Lepaskan keserakahan akan kesenangan. Lihatlah bahwa melepaskan dunia adalah kedamaian. Tidak ada sesuatu pun yang perlu kau raup, dan tidak ada satu pun yang perlu kau dorong pergi. ~ Buddha ~

Offline hudoyo

  • KalyanaMitta
  • *****
  • Posts: 1.919
  • Reputasi: 20
Re: Kitab SUTTA NIPATA - Buddhisme pra-doktrinal
« Reply #8 on: 28 May 2008, 11:17:37 AM »
Memang tidak ada bukti empiris bahwa seluruh Sutta memang dikatakan oleh Sang Buddha. Tipitaka telah disusun oleh banyak orang sedemikian rupa sehingga mungkin tidak bisa diketahui mana yang asli dan mana yang bukan.

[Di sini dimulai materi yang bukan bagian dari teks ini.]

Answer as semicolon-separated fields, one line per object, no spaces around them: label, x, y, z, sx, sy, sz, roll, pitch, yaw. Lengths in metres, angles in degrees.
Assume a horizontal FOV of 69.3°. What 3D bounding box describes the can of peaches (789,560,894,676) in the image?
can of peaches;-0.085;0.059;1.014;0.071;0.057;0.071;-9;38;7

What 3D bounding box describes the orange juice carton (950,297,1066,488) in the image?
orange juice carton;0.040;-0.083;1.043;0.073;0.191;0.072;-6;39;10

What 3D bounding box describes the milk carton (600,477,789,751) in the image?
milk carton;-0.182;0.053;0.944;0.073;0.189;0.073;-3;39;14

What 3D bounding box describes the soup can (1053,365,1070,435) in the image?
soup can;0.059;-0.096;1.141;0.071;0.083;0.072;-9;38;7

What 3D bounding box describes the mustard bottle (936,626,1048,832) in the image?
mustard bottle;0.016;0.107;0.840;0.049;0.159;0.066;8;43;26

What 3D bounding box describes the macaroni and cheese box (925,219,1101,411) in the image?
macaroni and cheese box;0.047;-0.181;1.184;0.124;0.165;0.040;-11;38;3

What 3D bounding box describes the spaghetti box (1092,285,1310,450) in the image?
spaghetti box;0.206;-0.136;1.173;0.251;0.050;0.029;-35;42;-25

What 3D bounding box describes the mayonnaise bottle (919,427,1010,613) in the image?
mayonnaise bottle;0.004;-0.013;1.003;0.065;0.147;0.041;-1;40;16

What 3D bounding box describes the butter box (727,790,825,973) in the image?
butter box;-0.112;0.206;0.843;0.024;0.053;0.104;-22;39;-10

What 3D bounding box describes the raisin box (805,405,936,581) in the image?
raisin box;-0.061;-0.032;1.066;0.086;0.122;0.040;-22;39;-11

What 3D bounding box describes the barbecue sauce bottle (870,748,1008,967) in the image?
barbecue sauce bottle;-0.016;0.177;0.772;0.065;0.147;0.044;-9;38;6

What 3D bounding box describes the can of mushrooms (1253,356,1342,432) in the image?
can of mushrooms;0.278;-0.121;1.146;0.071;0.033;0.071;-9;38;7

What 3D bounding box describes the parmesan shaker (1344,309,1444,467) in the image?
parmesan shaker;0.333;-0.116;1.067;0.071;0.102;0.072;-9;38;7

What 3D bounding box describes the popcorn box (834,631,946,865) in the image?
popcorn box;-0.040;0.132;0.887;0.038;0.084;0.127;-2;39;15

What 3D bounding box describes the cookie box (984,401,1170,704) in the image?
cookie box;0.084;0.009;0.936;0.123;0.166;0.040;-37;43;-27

Memang betul. ... Tetapi, memang dasar manusia, orang membutuhkan kepastian ... orang tidak suka dengan ketidakpastian ... mereka membutuhkan kepastian apa yang sebenarnya diajarkan oleh Sang Buddha ... maka dengan mudah dikatakan bahwa semua yang ada dalam Sutta Pitaka seperti apa adanya sekarang berasal dari mulut Sang Buddha. ...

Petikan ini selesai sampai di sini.